Compact StringView buffer during sparse take to avoid holding the original buffers alive when selectivity is high

lyang24 · lyang24 · commit 0a86a904912d · 2026-02-10T21:49:32.000-08:00
diff --git a/arrow-select/src/take.rs b/arrow-select/src/take.rs
@@ -28,7 +28,7 @@ use arrow_buffer::{
     ArrowNativeType, BooleanBuffer, Buffer, MutableBuffer, NullBuffer, OffsetBuffer, ScalarBuffer,
     bit_util,
 };
-use arrow_data::ArrayDataBuilder;
+use arrow_data::{ArrayDataBuilder, ByteView, MAX_INLINE_VIEW_LEN};
 use arrow_schema::{ArrowError, DataType, FieldRef, UnionMode};
 
 use num_traits::{One, Zero};
@@ -596,10 +596,18 @@ fn take_bytes<T: ByteArrayType, IndexType: ArrowPrimitiveType>(
 }
 
 /// `take` implementation for byte view arrays
+///
+/// Automatically compacts string data when the take is sparse (selecting less
+/// than half the rows), which avoids holding the original large buffers alive.
 fn take_byte_view<T: ByteViewType, IndexType: ArrowPrimitiveType>(
     array: &GenericByteViewArray<T>,
     indices: &PrimitiveArray<IndexType>,
 ) -> Result<GenericByteViewArray<T>, ArrowError> {
+    // If selecting less than half the rows, compact the string data to avoid
+    // keeping the original (potentially large) buffers alive via Arc.
+    if indices.len() < array.len() / 2 {
+        return take_byte_view_compact(array, indices);
+    }
     let new_views = take_native(array.views(), indices);
     let new_nulls = take_nulls(array.nulls(), indices);
     // Safety:  array.views was valid, and take_native copies only valid values, and verifies bounds
@@ -608,6 +616,156 @@ fn take_byte_view<T: ByteViewType, IndexType: ArrowPrimitiveType>(
     })
 }
 
+/// `take` implementation for byte view arrays that compacts string data into
+/// new buffers rather than sharing the original buffers.
+///
+/// This fuses the gather (take) with string compaction in a single pass,
+/// producing an output array whose buffers contain only the referenced data.
+/// This is beneficial when `take` selects a small fraction of the source array,
+/// as it avoids keeping the original large buffers alive.
+///
+/// The output uses multiple buffers if a single buffer would exceed `u32::MAX`
+/// bytes, ensuring `ByteView::offset` never overflows.
+#[inline(never)]
+fn take_byte_view_compact<T: ByteViewType, IndexType: ArrowPrimitiveType>(
+    array: &GenericByteViewArray<T>,
+    indices: &PrimitiveArray<IndexType>,
+) -> Result<GenericByteViewArray<T>, ArrowError> {
+    let src_views = array.views();
+    let src_buffers = array.data_buffers();
+
+    // Phase 1: Calculate total non-inlined string bytes to pre-allocate.

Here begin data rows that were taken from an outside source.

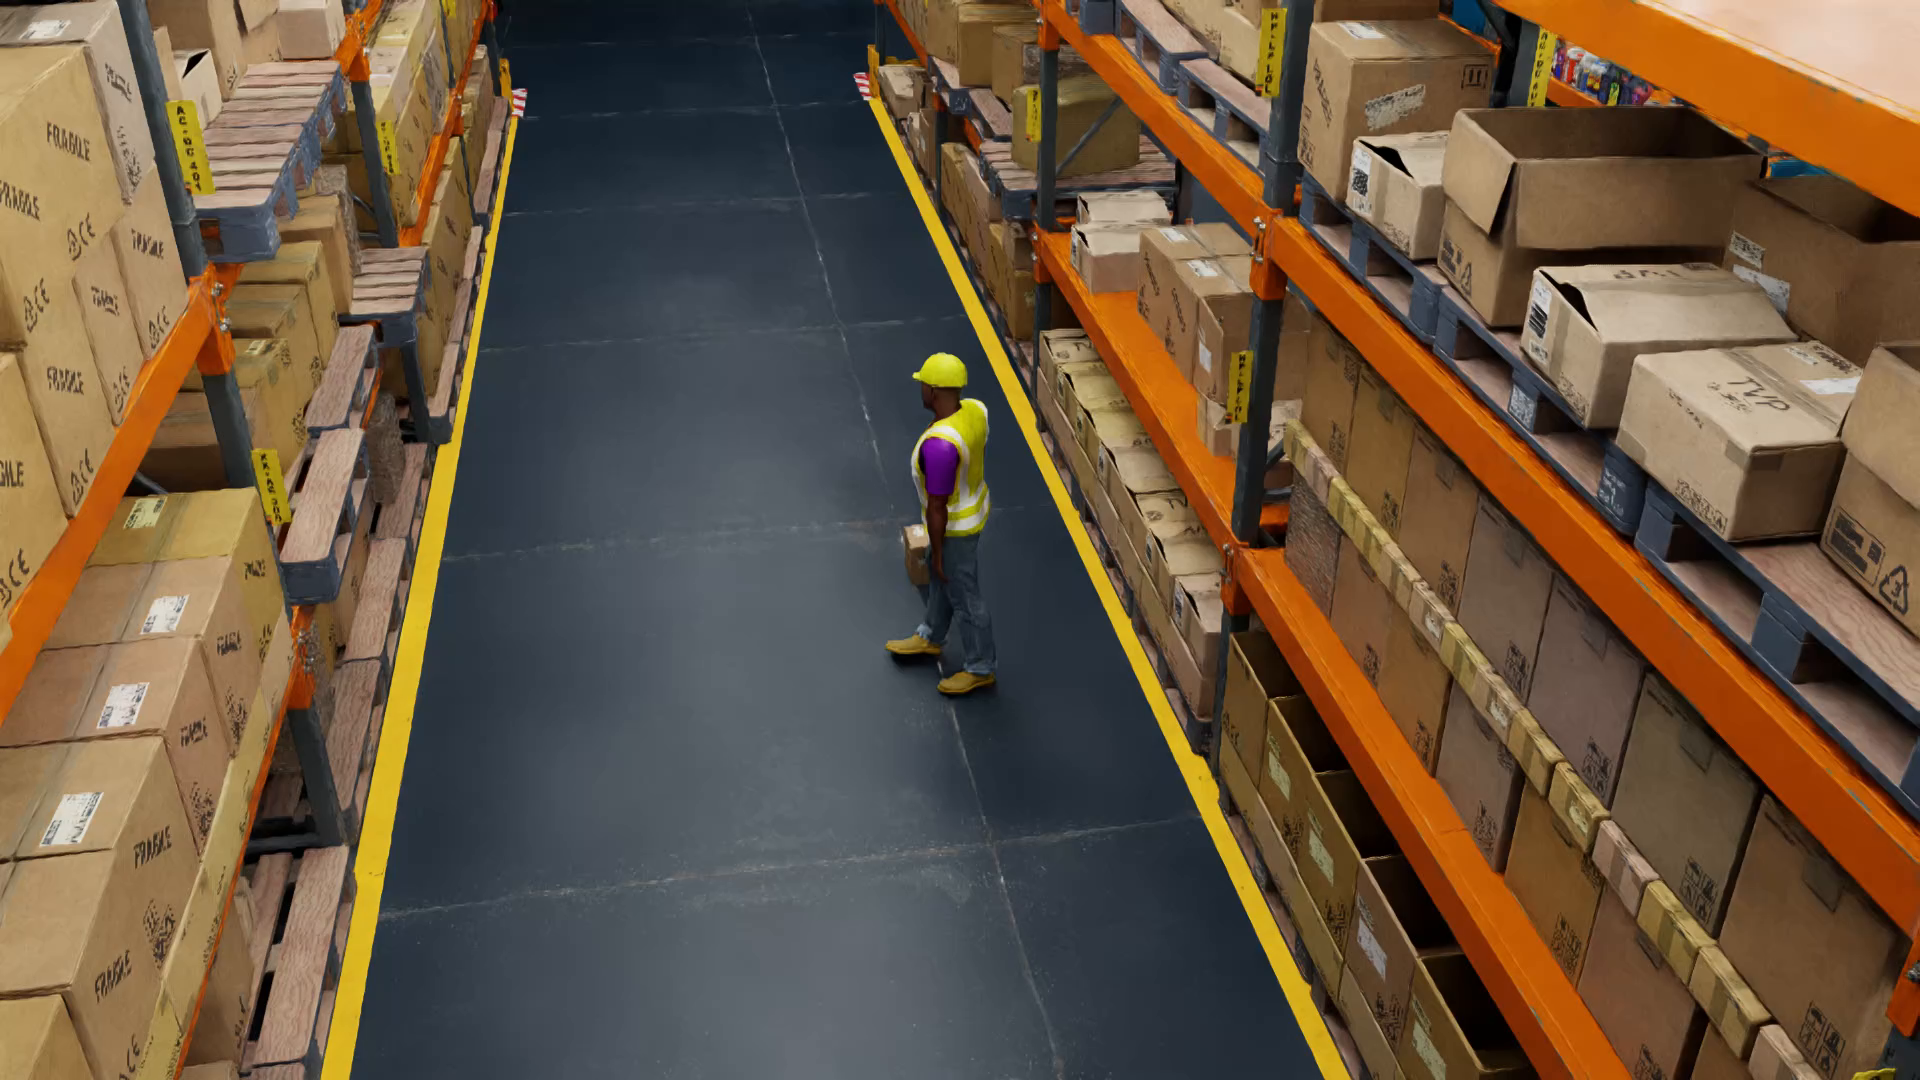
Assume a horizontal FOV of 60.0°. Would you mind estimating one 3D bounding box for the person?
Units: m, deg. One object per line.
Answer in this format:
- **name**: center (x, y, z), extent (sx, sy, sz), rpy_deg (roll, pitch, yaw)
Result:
- **person**: center (-0.085, -0.116, 8.295), extent (0.622, 1.765, 0.717), rpy_deg (7, 31, 11)
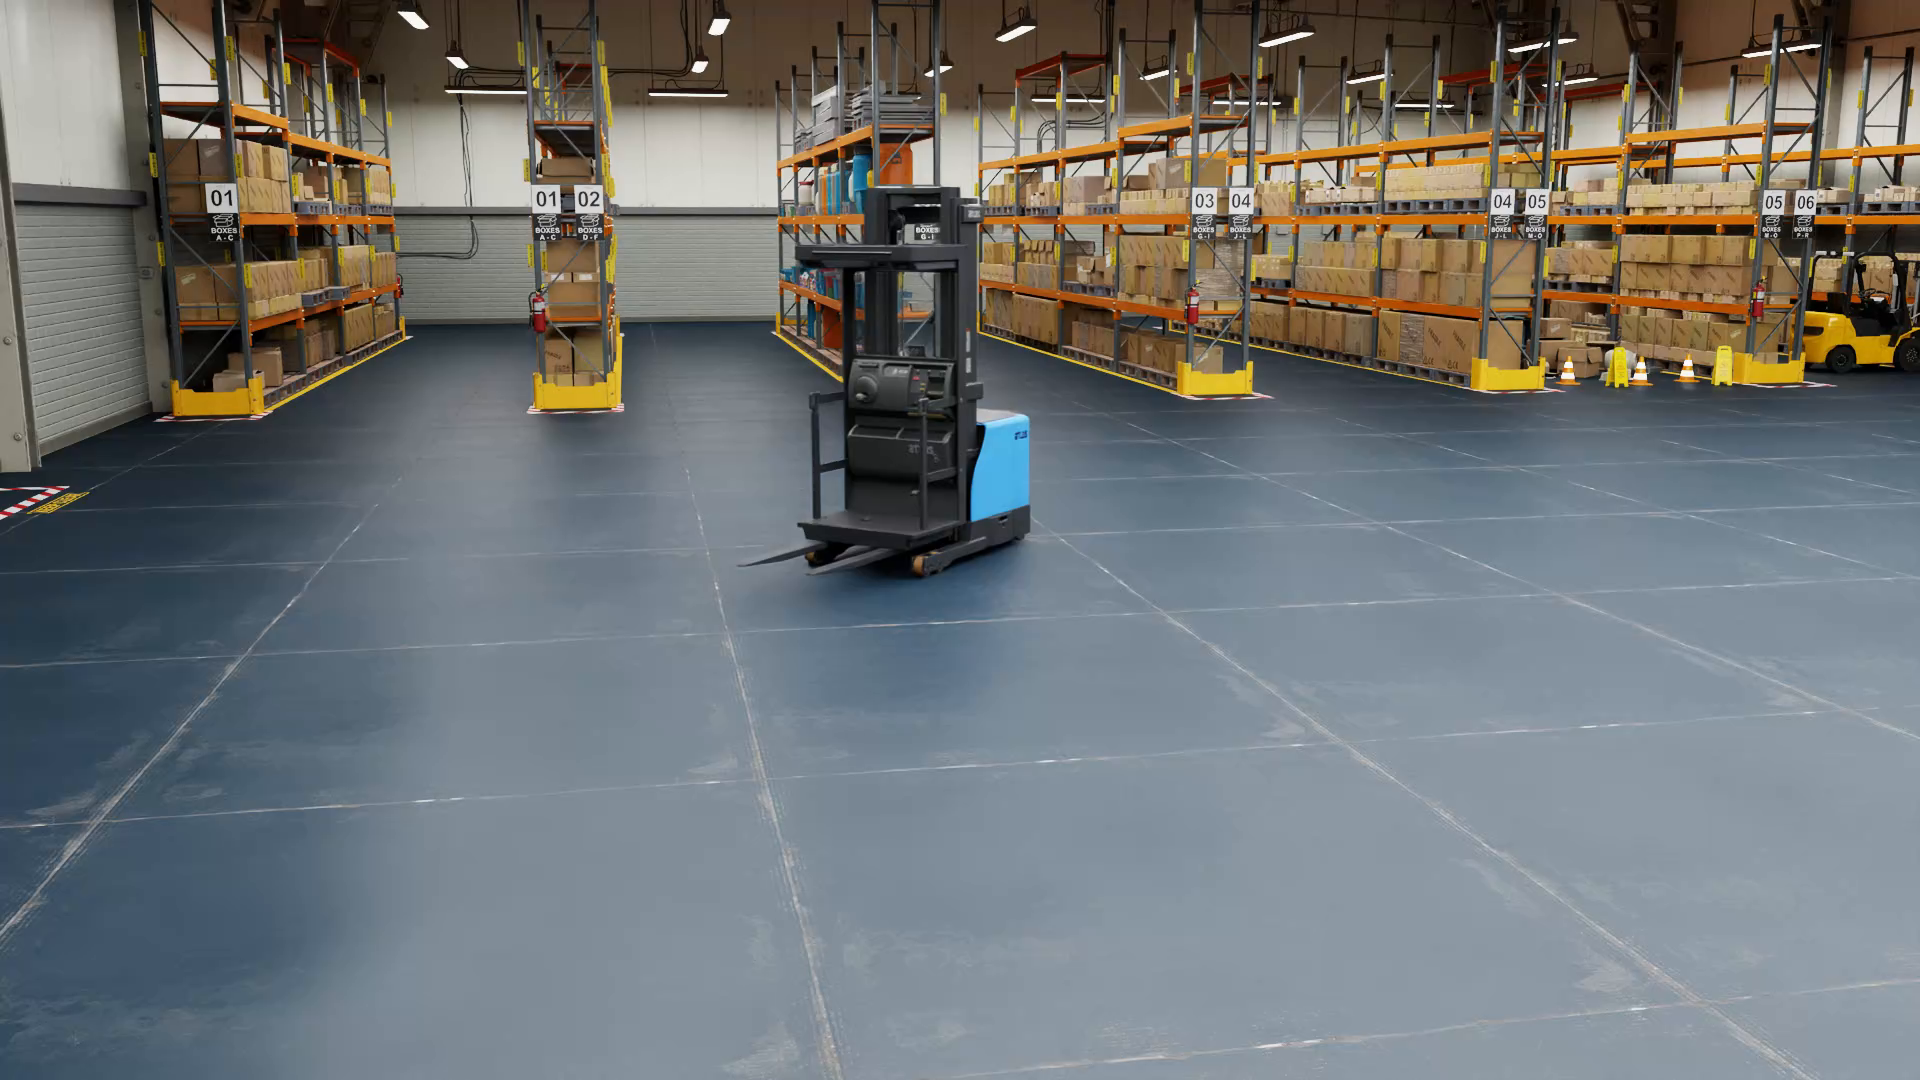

+    // This avoids reallocations during the copy phase. We only read the u128
+    // view descriptors here, not the actual string data.
+    let mut total_bytes: usize = 0;
+    let indices_null_count = indices.null_count();
+    if indices_null_count == 0 {
+        for idx in indices.values() {
+            let raw_view = src_views[idx.as_usize()];
+            let len = raw_view as u32;
+            if len > MAX_INLINE_VIEW_LEN {
+                total_bytes += len as usize;
+            }
+        }
+    } else {
+        let index_nulls = indices.nulls().unwrap();
+        for (i, idx) in indices.values().iter().enumerate() {
+            // SAFETY: i < indices.len()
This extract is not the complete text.